**SUPPLIED RECORDS**
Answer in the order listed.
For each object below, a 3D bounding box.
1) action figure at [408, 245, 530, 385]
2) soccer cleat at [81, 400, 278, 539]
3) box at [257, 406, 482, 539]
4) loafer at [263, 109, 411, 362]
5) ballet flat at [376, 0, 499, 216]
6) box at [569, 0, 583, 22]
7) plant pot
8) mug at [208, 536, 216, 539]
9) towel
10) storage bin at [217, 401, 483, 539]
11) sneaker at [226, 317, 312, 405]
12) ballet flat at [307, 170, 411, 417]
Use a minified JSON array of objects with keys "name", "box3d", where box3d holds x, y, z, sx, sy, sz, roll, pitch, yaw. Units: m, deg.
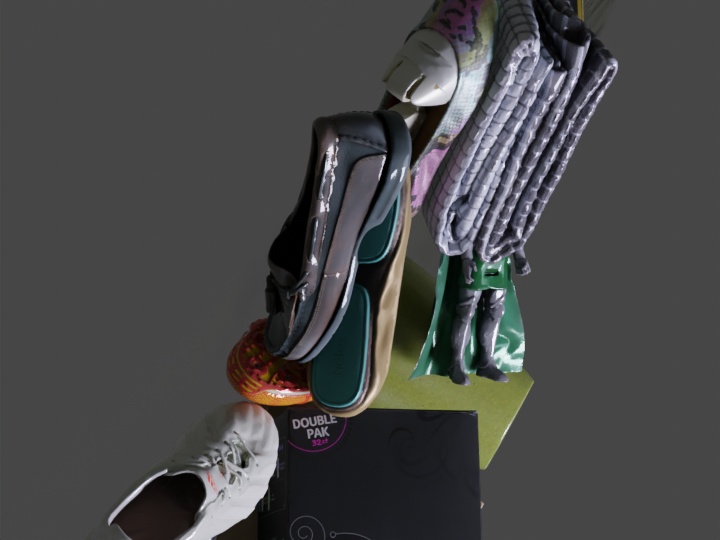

**REQUIRED ACTION**
Whenever a line of the data contains "ballet", it counts; state how many such lines there are, with nothing added.

**WRITTEN REPLY**
2